4.8. Quantitative Real Time PCR (RT-qPCR)
Quantitative Real Time PCR (qPCR) was performed for seven genes, namely;
acc-1,
cpt-1,
fas,
nrf-1,
glut-4,
glut-5 and
aldolase-b. For each gene, three replicates per sample from each experimental group were analyzed. Firstly, 1 µL of sample cDNA was pipetted from the sample and diluted with 19 µL of RNase free water to get a 20 µL volume. From the diluted cDNA sample, 1:20 ratio of cDNA to RNase free water was pipetted into new three qPCR tubes.

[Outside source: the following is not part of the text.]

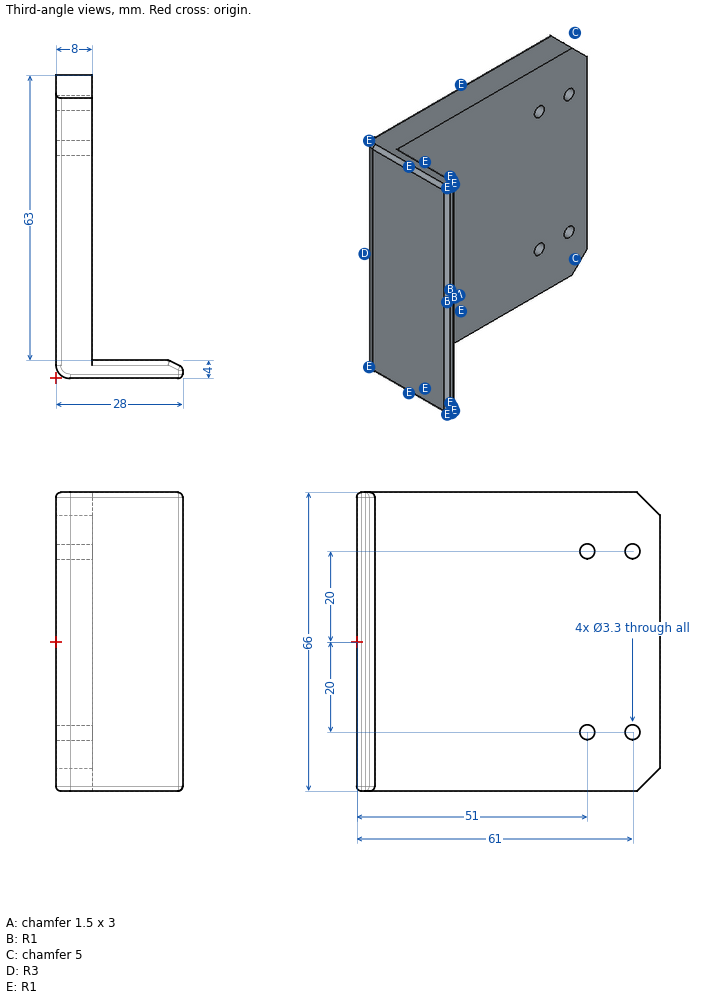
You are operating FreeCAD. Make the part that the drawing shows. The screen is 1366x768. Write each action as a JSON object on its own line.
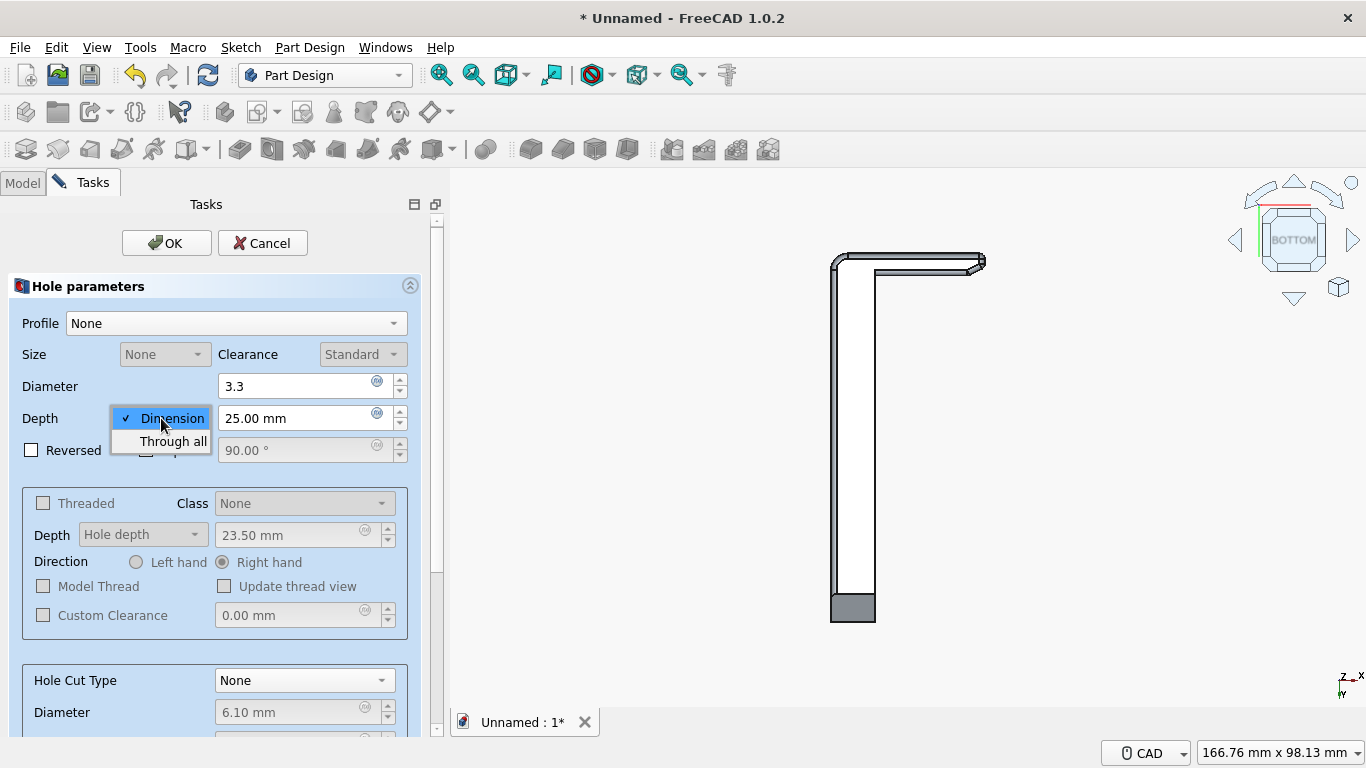
{"action": "left_click", "coordinate": [160, 442]}

The gene of interest forward and reverse primers and those of reference gene master-mix were prepared separately, with SYBR green master-mix. Primers used are provided in
Table 6.
The primer stocks were diluted according to the manufacturer’s guide. From the master-mix of each gene, 7 µL was pipetted into the qPCR sample tubes. Thereafter, cDNA (3 µL) was added into the qPCR sample tube in order to achieve a 10 µL final volume. The samples were loaded into the RT-qPCR machine for analysis in a specific order of choice. The RT-qPCR was set to run using instructions provided by the manufacturer as the instrument user guide, in which a standard cycling mode was used.
4.9. Statistical Analysis
Data was expressed as mean ± standard deviation (SD). A one way ANOVA was used to determine differences in means from different experimental groups. All statistical analyses were performed in R version 3.4.0 statistical software (R Development Core Team, Auckland, New Zealand) Level of significance was set at p ≤ 0.05.